The religion that I grew up with told us that suffering was a gift from God for women, and women suffering in silence allowed men their birthright to have joy. Suffering made women more beautiful because it kept them meek and humble, and at the feet and will of men.

The paradox of joy and suffering, in this system of belief was very extreme, and was encoded in me as a very young child. It is still a work in progress, as life is. Finding the courage to speak my truth in the presence of men can still unnerve me at times.

Suffering does’t make anyone more beautiful, but it can offer a lesson in self-growth that can lead to a more beautiful way of moving through life.
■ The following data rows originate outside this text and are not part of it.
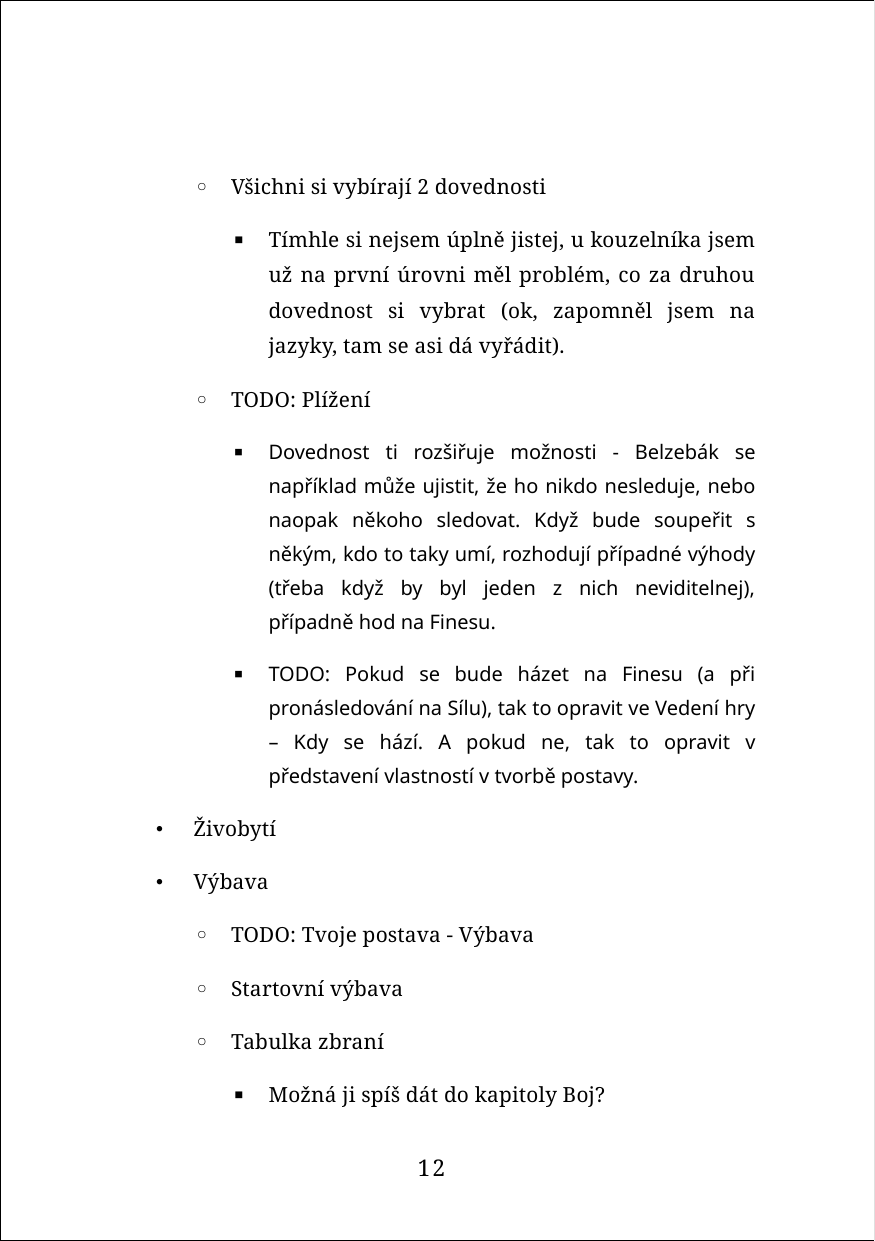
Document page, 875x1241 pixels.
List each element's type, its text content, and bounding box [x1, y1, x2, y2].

list Výbava [156, 867, 756, 896]
list TODO: Pokud se bude házet na Finesu (a při pronásledování na Sílu), tak to opravit ve Vedení hry – Kdy se hází. A pokud ne, tak to opravit v představení vlastností v tvorbě postavy. [231, 660, 756, 789]
list Startovní výbava [193, 974, 756, 1002]
list Dovednost ti rozšiřuje možnosti - Belzebák se například může ujistit, že ho nikdo nesleduje, nebo naopak někoho sledovat. Když bude soupeřit s někým, kdo to taky umí, rozhodují případné výhody (třeba když by byl jeden z nich neviditelnej), případně hod na Finesu. [231, 438, 756, 636]
list TODO: Plížení [193, 385, 756, 413]
list Možná ji spíš dát do kapitoly Boj? [231, 1080, 756, 1109]
list Živobytí [156, 814, 756, 842]
list Tabulka zbraní [193, 1027, 756, 1055]
list Všichni si vybírají 2 dovednosti [193, 172, 756, 200]
list Tímhle si nejsem úplně jistej, u kouzelníka jsem už na první úrovni měl problém, co za druhou dovednost si vybrat (ok, zapomněl jsem na jazyky, tam se asi dá vyřádit). [231, 225, 756, 360]
list TODO: Tvoje postava - Výbava [193, 921, 756, 949]

The paradox of joy and suffering are a part of the human experience, as paradoxes are. The paradox exists as a medium for growth. There is a difference between embracing the paradox of joy and suffering, and being a doormat for suffering in the belief that it is a spiritual practice.

Joy is a result of recognizing the suffering exists and healing it; first accepting its existence, and second, treating it with healthy applications of love, beginning with self-love. 

The paradox of suffering and joy exists. How we work with the paradox is how we find joy. This is with our own suffering, as well as the suffering of others. 

Recognizing the suffering, and wallowing in it without resolution, are two different things. There is also a difference between processing the suffering and spiritually bypassing it.

Without recognition and acceptance, then processing and resolution, the lesson that suffering has to offer isn’t learned. Ignoring, stuffing (staying sweet and silent) or bypassing the suffering halts to path to joy. Until the lesson is learned, the suffering will continue, and joy is held at bay. 

The suffering will keep coming up, again and again, until it is resolved and the lesson is learned.  

Choose to see the suffering as an opportunity for personal self-growth. This requires facing it with courage, refusing to stuff it and pretend it doesn’t exist and resolve it with love and fortitude. 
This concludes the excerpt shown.